My first iteration was a CLI app called Perspectra, implemented with Python and scikit-image. However, I quickly realized that I absolutely do not like Python and that I needed a GUI to fix incorrectly detected document boundaries, as the CV pipeline would never get it a 100% right.
And how do you build a desktop app with a GUI? Obviously with Haskell
.
(The “desktop app” part is a whole other story I’ll save for another post, but I am making good progress on that front as well. => Perspec. I’ll focus on the CV part for the rest of this post.)
As I didn’t want to use Python any longer, my next instinct was to use ImageMagick, as I had some experience with its features and capabilities. The existing bindings were rather lacking, so I opted to simply call magick as an external process. While this mostly worked, it was always a pain to get it to install and link correctly across platforms, and the performance was surprisingly bad for larger images.
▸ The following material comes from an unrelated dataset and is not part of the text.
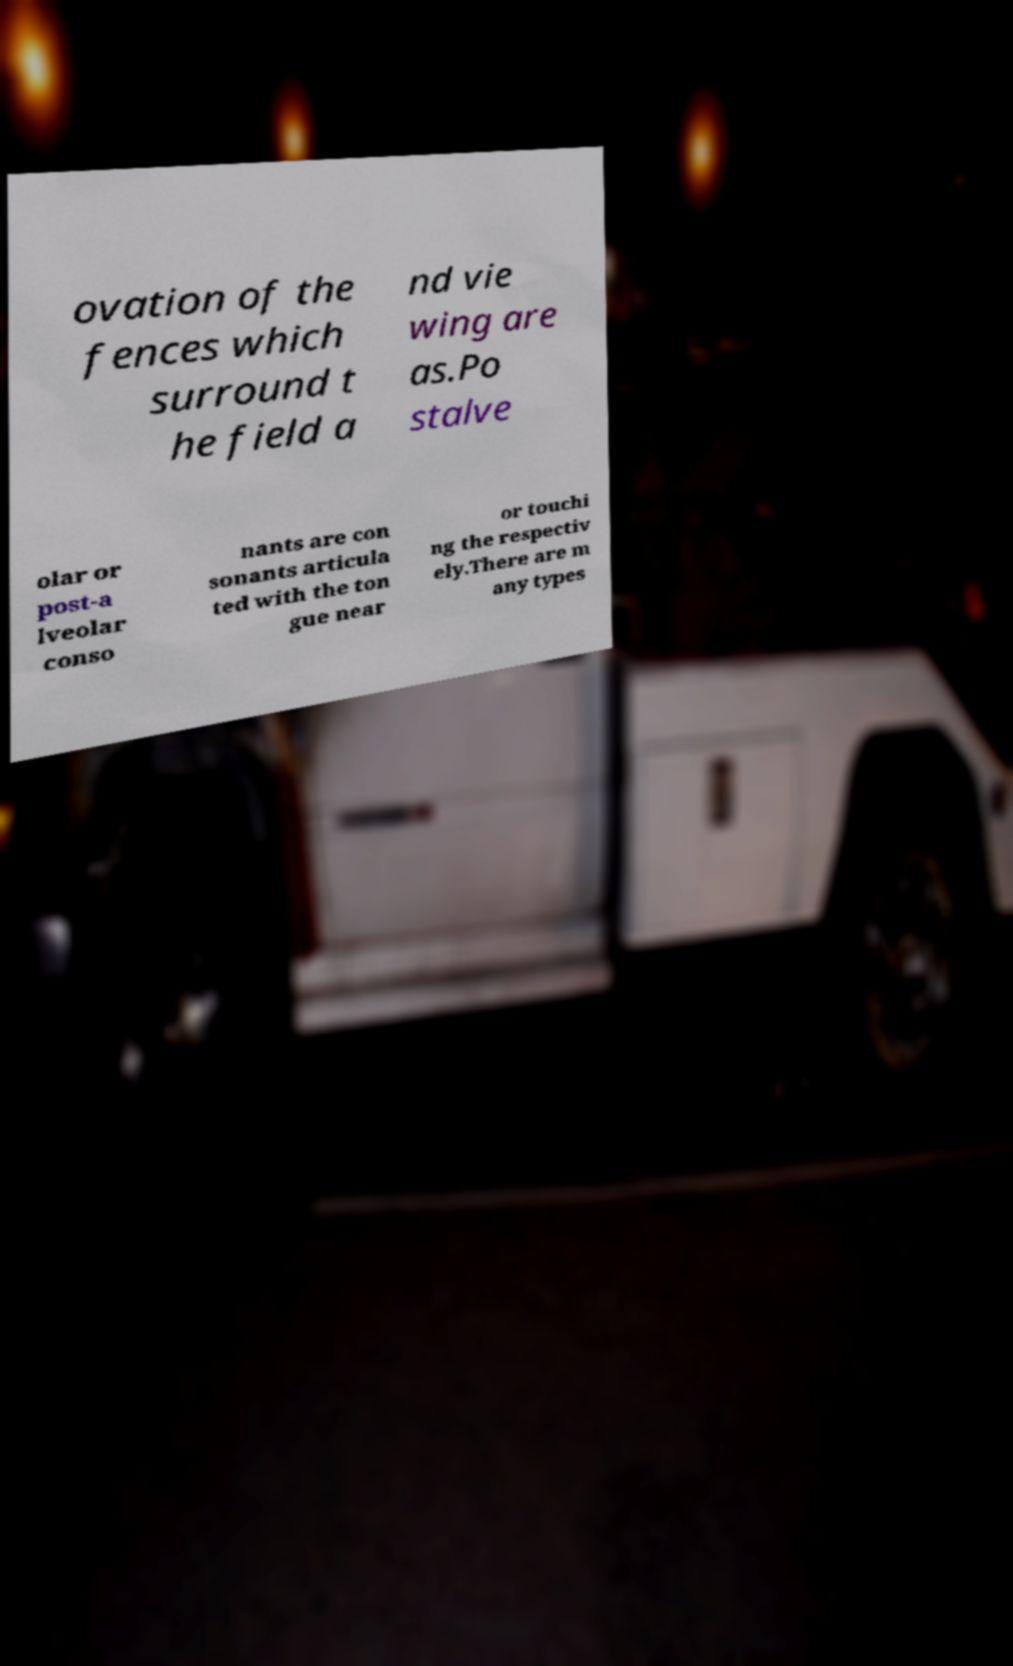What messages or text are displayed in this image? I need them in a readable, typed format. ovation of the fences which surround t he field a nd vie wing are as.Po stalve olar or post-a lveolar conso nants are con sonants articula ted with the ton gue near or touchi ng the respectiv ely.There are m any types

Another obvious choice might be OpenCV, but I had some bad memories of using it at university (maybe it was just the C++ context…), and the Haskell bindings looked rather painful.
So, my next experiment was using Hip, and with the help of @lehins himself and @HanStolpo at ZuriHac, we were able to make it work! (Thanks again!)
However, it was still missing some features that I wanted, like binarization with Otsu’s Method. While it would certainly be possible to implement this in Hip, I (for once) felt that Haskell’s abstractions didn’t really help with the task at hand and only complicated things unnecessarily. A for loop in C, by comparison, is conceptually very simple and already as fast as the Haskell code. Luckily, C is a first-class citizen in Haskell and it’s very easy to bundle some C code and call it via Haskell’s FFI.
Unfortunately, there didn’t seem to be a straightforward C library that I could hook up to, so I started to work on FlatCV. I’m quite happy with the UX of using C for the image manipulation algorithms, and I was able to quickly build a fully functioning version with the necessary Haskell bindings. Just a few days ago, I released version 0.3.0, and by now it has most of the basic operations you would expect from an image manipulation library. I also ported some of the higher-level CV operations, like adaptive binarization and corner detection, that I first implemented in Perspectra.
There are still plenty of opportunities to improve the performance of FlatCV: SIMD, GPU usage, streamed processing, etc. However, as FlatCV isn’t used in a real-time context (i.e., 60 fps), the performance is already more than sufficient.
Hope you like it, and I’d be interested to know if you have any use cases for FlatCV!